CORRECTION:

Meryem Essaidi will present her FPO "User-Centered Algorithmic Mechanism Design: theoretical frameworks at different levels of central regulation" on Tuesday, December 20, 2022 at 1pm via Zoom.

Zoom link: https://princeton.zoom.us/j/93585578182

Committee:
Adviser: Matt Weinberg
Readers: Sam Taggart, Mark Braverman
Examiners: Zeev Dvir, Huacheng Yu 

All are welcome to attend.

In algorithmic mechanism design, classical desiderata define standards used to evaluate the performance of an algorithm or mechanism. Examples of such desiderata are efficiency, revenue maximization, and strategyproofness. These desiderata are oftentimes seller-centered and tend to create negative externalities that harm the users targeted by the market. Examples of such externalities are not treating the users equally, not protecting against adversarial sellers, and not maximizing user utility. 

In this thesis, we explore the frontier between user-centric and seller-centric performance at different levels of leverage offered by central regulation. We ask: how can we design new solutions that prioritize user-centered desiderata while maintaining the pre-existing seller-centered desiderata or without too great a cost to them? We present theoretical frameworks at three levels of intervention: no regulation for private goods, minimal regulation for "protected" goods, and significant regulation for essential and public goods. 

Our first framework is credible auctions. We consider a revenue-maximizing seller with a single item for sale to multiple users with independent-and-identically-distributed valuations. In this work, assuming the existence of cryptographically-secure commitment schemes, we identify a new single-item auction that is credible, strategyproof, revenue-optimal, and terminates in constant rounds in expectation for all distributions with finite monopoly price. 

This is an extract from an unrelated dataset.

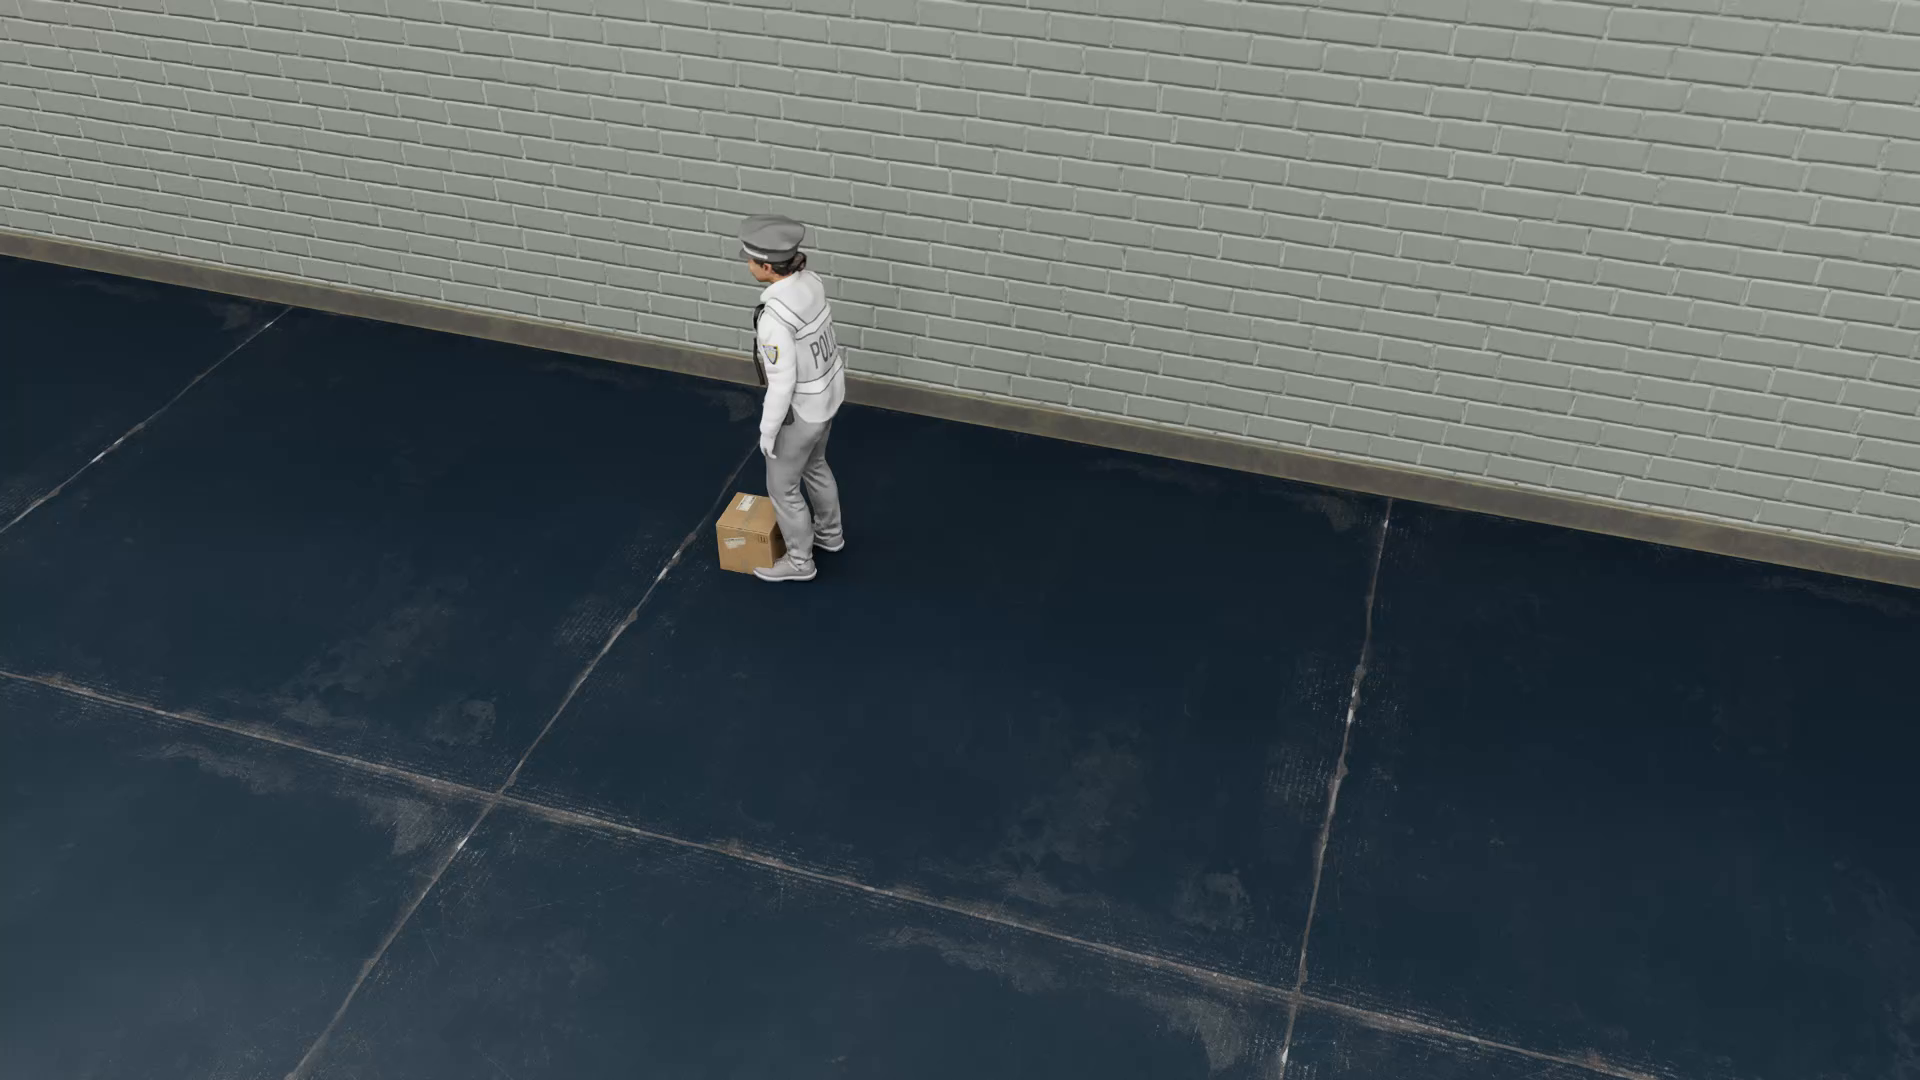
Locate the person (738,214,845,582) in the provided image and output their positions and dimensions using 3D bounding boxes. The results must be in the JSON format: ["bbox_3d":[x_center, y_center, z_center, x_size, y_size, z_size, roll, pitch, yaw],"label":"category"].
[{"bbox_3d":[-0.688,-0.551,6.871,0.403,1.663,0.529,11,39,14],"label":"person"}]

Our second framework is fair and symmetric ad auctions. We consider a revenue-maximizing seller with multiple items for sale to a single population of additive buyers with independent item values. We motivate this via fairness in ad auctions where items correspond to (views from) users, and equally-qualified users from different demographics should be shown the same desired ad at equal rates. We show that bundling all items together achieves a constant-factor approximation to the revenue-optimal item-symmetric mechanism; as any item-symmetric auction is also fair. Observe that in this domain, bundling all items together corresponds to concealing all demographic data. 

Our last framework is markets with mandatory purchase. We study a problem inspired by regulated health-insurance markets, and investigate whether limiting entry of providers increases or decreases the utility (welfare minus revenue) of users who purchase from the providers, specifically in settings where the outside option of "purchasing nothing" is prohibitively undesirable.